Badoodoo yelped as his chubby face was pressed hard against the window.
Lord Ecnerwal shrieked. “I asked you if you could see the wonderous event! Answer me!”
Badoodoo grimaced. “But my lord,” he said, his voice muffled, “I don’t know what I’m looking for!”
“Perhaps you should get a little closer.” Lord Ecnerwal said, pushing harder on the back of Badoodoo’s head.
There was a cracking sound. Badoodoo screamed. Blood flowed from his now broken nose. His eyes watered. There was no chance of him seeing anything now.
Badoodoo, his mind filled with pain, said. “No! I see nothing!”
Lord Ecnerwal released his grip. Badoodoo slumped to the floor. “You unobservant vole impression!” He shouted, pointing out of the window to the artificial sky above the jungle. “It is raining! It is raining to provide moisture for my egralons! Humidity is rising to soften and moisturize their gargantuan hides!” He raised his arms. “The eco-system I developed is better than any that nature has created!” He looked down at Badoodoo and squinted. “Don’t you agree, grease vomit?”

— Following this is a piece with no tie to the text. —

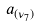<formula> <loc_0><loc_0><loc_500><loc_500>a _ { ( \nu _ { 7 } ) }</formula>

Badoodoo wiped the blood and tears from his face. “Yes, my lord.” With his vision clearing he could now see the sheets of rain out above the jungle. “It is an impressive sight.”
Lord Ecnerwal laughed. “Of course it is!” His laugh turned into a girlish giggle and he clasped his hands together. “My eco-system is secret now, but one day I shall be the most respected, revered and honoured artificial environment creator ever! I shall be showered with praise and adoration and love, and receive some of the most intense female attention ever experienced by any intellectually-superior man!”
Badoodoo was finding his lordship’s ever-quickening plunge into mental oblivion quite difficult to comprehend. It was a startling experience, and deeply unnerving. But his urge to please his master overcame all that. His personal reward when his lordship’s scheme succeeded would be something very special indeed. He did not want to jeopardise that at all. With a groan he hauled his small chubby body back onto its feet. He sniffed back some blood. “I have an update for you, my lord – two pieces of information that will please you immensely.”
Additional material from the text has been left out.